I think the main thing that scared me off Thomann before is the only shipping option offered to me by Thomann is UPS Express. UPS is infamous in Canada for attempting to impose extortionate “brokerage fees” above and beyond any actual customs/duty due on imported items. There are also stories of UPS jerking around customers who insist on self-clearing items with our federal border services agency.
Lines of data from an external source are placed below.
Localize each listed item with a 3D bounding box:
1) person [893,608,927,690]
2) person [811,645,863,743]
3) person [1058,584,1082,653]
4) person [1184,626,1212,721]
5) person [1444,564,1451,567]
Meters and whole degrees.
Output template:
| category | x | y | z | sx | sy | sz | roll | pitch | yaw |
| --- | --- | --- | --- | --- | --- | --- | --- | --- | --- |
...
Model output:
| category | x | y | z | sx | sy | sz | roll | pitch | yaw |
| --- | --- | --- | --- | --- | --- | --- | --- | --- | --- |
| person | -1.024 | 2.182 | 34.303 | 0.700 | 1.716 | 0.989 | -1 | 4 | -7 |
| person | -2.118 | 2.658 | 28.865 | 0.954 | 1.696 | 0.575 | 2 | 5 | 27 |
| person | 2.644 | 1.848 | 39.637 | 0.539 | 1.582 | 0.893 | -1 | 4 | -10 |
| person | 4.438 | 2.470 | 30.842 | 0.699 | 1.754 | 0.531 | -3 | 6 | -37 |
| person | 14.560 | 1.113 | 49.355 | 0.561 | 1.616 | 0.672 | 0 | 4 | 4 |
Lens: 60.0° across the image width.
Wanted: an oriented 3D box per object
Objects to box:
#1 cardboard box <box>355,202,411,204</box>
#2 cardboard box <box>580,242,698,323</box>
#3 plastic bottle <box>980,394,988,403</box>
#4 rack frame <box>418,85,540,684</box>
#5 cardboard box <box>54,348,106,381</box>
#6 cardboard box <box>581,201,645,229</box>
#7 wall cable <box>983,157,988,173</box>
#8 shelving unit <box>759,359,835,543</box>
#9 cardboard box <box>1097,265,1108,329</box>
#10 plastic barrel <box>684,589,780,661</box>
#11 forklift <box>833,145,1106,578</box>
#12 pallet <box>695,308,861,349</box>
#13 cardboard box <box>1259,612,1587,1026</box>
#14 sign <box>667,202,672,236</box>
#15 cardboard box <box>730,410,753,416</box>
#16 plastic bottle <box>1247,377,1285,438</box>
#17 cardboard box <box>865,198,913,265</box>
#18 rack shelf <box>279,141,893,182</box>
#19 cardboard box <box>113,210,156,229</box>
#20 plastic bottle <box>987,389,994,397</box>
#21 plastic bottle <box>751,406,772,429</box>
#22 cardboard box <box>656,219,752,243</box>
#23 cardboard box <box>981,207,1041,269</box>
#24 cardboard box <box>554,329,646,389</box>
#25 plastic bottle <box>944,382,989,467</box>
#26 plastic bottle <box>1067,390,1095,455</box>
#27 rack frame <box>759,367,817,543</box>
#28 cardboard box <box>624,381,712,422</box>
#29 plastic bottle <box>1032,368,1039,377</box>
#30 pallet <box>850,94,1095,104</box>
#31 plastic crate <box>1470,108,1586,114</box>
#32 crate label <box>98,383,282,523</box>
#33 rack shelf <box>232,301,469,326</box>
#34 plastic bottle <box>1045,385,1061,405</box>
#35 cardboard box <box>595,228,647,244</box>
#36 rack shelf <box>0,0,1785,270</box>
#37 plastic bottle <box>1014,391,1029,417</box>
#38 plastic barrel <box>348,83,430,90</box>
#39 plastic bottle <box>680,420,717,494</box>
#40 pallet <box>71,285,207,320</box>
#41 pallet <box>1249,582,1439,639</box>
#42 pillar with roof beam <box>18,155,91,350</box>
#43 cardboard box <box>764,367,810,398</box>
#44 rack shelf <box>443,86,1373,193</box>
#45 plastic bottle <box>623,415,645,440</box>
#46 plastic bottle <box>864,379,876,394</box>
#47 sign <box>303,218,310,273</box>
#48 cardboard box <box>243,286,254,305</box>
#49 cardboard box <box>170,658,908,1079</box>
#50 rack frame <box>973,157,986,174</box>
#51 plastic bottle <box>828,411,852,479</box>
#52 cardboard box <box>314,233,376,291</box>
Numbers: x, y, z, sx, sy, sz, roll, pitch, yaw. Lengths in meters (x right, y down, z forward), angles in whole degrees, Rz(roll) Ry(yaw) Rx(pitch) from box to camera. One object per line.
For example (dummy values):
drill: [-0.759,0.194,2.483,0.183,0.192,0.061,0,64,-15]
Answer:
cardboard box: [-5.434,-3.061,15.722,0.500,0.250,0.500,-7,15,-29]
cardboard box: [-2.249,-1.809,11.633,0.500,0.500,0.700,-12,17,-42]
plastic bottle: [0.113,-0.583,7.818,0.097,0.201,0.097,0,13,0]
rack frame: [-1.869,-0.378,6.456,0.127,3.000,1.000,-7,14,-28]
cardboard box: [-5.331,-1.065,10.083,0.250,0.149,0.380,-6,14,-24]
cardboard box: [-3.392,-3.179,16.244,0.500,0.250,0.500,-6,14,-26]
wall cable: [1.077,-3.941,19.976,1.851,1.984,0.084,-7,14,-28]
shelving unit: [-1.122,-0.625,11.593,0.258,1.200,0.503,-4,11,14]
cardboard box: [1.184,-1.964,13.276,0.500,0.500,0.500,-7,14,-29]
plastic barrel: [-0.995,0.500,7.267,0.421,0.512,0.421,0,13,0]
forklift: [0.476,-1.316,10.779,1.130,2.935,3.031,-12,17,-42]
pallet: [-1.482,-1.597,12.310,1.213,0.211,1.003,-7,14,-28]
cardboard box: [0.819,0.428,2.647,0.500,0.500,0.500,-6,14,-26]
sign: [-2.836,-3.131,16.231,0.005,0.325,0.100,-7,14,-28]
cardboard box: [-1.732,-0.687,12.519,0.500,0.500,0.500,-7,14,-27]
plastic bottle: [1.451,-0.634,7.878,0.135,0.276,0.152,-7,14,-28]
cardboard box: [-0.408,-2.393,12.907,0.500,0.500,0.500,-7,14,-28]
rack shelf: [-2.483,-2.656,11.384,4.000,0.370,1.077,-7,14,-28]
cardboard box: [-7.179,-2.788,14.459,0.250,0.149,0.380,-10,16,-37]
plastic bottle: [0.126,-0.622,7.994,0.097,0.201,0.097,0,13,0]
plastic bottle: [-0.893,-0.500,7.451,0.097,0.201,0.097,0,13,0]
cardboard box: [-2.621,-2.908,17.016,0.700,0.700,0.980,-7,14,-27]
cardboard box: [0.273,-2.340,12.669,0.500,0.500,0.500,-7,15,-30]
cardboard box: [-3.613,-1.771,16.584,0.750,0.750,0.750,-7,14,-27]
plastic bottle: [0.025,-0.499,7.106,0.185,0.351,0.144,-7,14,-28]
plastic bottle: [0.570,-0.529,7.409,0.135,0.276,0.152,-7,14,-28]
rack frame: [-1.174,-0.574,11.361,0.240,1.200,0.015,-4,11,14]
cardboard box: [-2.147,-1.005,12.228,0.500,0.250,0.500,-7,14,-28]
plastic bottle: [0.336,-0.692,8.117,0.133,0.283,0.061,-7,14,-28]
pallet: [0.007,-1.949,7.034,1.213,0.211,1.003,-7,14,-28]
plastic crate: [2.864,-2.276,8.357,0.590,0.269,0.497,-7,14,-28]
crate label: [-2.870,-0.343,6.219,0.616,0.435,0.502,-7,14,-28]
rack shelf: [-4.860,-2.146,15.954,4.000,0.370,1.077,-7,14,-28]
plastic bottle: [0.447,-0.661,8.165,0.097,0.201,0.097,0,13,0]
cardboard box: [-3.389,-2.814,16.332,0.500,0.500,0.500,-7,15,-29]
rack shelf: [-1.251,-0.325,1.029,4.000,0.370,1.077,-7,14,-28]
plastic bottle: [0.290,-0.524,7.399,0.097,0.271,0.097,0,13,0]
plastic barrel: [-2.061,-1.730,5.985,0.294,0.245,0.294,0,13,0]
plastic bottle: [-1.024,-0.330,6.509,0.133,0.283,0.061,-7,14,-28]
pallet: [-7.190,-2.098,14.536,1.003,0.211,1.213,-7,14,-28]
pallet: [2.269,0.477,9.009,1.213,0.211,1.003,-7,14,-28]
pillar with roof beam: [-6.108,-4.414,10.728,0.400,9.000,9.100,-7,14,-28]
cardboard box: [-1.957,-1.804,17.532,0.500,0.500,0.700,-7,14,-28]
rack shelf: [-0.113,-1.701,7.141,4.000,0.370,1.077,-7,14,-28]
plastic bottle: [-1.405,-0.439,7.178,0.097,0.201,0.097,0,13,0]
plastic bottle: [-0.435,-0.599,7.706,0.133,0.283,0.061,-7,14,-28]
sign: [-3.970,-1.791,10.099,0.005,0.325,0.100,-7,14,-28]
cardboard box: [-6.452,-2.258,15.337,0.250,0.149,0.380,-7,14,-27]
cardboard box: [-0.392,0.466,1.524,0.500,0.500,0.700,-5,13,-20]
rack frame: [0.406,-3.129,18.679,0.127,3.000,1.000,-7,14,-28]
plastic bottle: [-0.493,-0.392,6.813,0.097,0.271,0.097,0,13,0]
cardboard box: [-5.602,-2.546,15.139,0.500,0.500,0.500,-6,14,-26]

Edit: While it may disappear from catalogs within a year or two, there’s a “value” Squier superstrat coming out this year (higher street price than comparable Harley Benton, but not by a ton):
https://shop.fender.com/en/intl/squier-electric-guitars/stratocaster/contemporary-stratocaster-hh-fr/0370240568.html

Yeah, this used to be the RG550, hands down. Workhorse, reliable, sounds pretty good with stock pickups and great after a swap, holds tune like a champ, and could keep up with anything you could throw at it, for like $500. Twenty years later that’s ore like a $1200 guitar (we’re getting old, lol, and inflation DOES become pretty significant over long periods of time). I’ve really liked the Charvel San Dimas and So Cal models I’ve played, and at around a grand that’s probably where the market is these days - really, anything coming out of FMIC these days has been awfully consistent - but somehow suggesting a starter “staple” double locking guitar that will set you back a grand before even talking amps seems a tall order.